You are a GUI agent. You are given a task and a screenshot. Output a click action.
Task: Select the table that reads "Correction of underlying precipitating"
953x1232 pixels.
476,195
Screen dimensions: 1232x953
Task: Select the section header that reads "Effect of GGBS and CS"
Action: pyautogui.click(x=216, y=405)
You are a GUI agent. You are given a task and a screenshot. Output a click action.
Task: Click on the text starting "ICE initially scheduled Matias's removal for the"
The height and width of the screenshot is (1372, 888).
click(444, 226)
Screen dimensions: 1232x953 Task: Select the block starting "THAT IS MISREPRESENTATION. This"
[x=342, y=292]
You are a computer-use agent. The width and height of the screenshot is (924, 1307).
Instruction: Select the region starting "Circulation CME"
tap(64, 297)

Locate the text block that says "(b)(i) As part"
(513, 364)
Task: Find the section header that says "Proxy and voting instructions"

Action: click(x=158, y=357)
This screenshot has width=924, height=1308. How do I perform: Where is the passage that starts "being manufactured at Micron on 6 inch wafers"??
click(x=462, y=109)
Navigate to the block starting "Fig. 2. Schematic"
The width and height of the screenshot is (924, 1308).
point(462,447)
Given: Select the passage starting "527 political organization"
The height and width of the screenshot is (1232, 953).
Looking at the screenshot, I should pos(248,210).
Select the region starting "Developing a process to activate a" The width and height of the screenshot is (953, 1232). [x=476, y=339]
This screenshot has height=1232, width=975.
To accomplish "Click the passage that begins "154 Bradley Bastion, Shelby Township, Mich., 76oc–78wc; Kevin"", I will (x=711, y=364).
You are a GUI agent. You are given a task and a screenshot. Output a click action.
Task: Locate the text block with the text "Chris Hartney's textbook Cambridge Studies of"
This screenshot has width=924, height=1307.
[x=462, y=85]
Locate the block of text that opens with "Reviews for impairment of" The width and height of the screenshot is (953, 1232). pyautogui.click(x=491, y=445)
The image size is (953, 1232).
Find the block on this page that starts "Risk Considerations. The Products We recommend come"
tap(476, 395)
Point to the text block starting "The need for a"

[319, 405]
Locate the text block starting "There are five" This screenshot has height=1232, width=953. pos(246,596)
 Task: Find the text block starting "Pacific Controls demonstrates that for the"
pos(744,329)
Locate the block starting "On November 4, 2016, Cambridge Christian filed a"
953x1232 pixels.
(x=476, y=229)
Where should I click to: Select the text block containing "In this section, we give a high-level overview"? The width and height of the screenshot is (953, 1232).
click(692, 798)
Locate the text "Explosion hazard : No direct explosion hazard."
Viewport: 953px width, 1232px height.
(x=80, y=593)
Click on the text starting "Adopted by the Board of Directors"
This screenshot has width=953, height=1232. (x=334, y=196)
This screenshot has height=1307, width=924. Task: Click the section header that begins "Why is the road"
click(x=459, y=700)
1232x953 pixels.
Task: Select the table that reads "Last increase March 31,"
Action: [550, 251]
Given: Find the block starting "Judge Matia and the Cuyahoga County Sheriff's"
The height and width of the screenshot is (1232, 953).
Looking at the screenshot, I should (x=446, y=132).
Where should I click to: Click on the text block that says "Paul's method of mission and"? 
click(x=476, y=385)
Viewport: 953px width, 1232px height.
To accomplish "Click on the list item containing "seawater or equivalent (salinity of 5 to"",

§ **What this task involves**
Quote every line of the data, word for word.

§ **Written response**
You are a GUI agent. You are given a task and a screenshot. Output a click action.
Task: Select the table that reads "Correction of underlying precipitating"
953x1232 pixels.
476,195
Screen dimensions: 1232x953
Task: Select the section header that reads "Effect of GGBS and CS"
Action: pyautogui.click(x=216, y=405)
You are a GUI agent. You are given a task and a screenshot. Output a click action.
Task: Click on the text starting "ICE initially scheduled Matias's removal for the"
The height and width of the screenshot is (1372, 888).
click(444, 226)
Screen dimensions: 1232x953 Task: Select the block starting "THAT IS MISREPRESENTATION. This"
[x=342, y=292]
You are a computer-use agent. The width and height of the screenshot is (924, 1307).
Instruction: Select the region starting "Circulation CME"
tap(64, 297)

Locate the text block that says "(b)(i) As part"
(513, 364)
Task: Find the section header that says "Proxy and voting instructions"

Action: click(x=158, y=357)
This screenshot has width=924, height=1308. How do I perform: Where is the passage that starts "being manufactured at Micron on 6 inch wafers"??
click(x=462, y=109)
Navigate to the block starting "Fig. 2. Schematic"
The width and height of the screenshot is (924, 1308).
point(462,447)
Given: Select the passage starting "527 political organization"
The height and width of the screenshot is (1232, 953).
Looking at the screenshot, I should pos(248,210).
Select the region starting "Developing a process to activate a" The width and height of the screenshot is (953, 1232). [x=476, y=339]
This screenshot has height=1232, width=975.
To accomplish "Click the passage that begins "154 Bradley Bastion, Shelby Township, Mich., 76oc–78wc; Kevin"", I will (x=711, y=364).
You are a GUI agent. You are given a task and a screenshot. Output a click action.
Task: Locate the text block with the text "Chris Hartney's textbook Cambridge Studies of"
This screenshot has width=924, height=1307.
[x=462, y=85]
Locate the block of text that opens with "Reviews for impairment of" The width and height of the screenshot is (953, 1232). pyautogui.click(x=491, y=445)
The image size is (953, 1232).
Find the block on this page that starts "Risk Considerations. The Products We recommend come"
tap(476, 395)
Point to the text block starting "The need for a"

[319, 405]
Locate the text block starting "There are five" This screenshot has height=1232, width=953. pos(246,596)
 Task: Find the text block starting "Pacific Controls demonstrates that for the"
pos(744,329)
Locate the block starting "On November 4, 2016, Cambridge Christian filed a"
953x1232 pixels.
(x=476, y=229)
Where should I click to: Select the text block containing "In this section, we give a high-level overview"? The width and height of the screenshot is (953, 1232).
click(692, 798)
Locate the text "Explosion hazard : No direct explosion hazard."
Viewport: 953px width, 1232px height.
(x=80, y=593)
Click on the text starting "Adopted by the Board of Directors"
This screenshot has width=953, height=1232. (x=334, y=196)
This screenshot has height=1307, width=924. Task: Click the section header that begins "Why is the road"
click(x=459, y=700)
1232x953 pixels.
Task: Select the table that reads "Last increase March 31,"
Action: [550, 251]
Given: Find the block starting "Judge Matia and the Cuyahoga County Sheriff's"
The height and width of the screenshot is (1232, 953).
Looking at the screenshot, I should (x=446, y=132).
Where should I click to: Click on the text block that says "Paul's method of mission and"? 
click(x=476, y=385)
Viewport: 953px width, 1232px height.
To accomplish "Click on the list item containing "seawater or equivalent (salinity of 5 to"",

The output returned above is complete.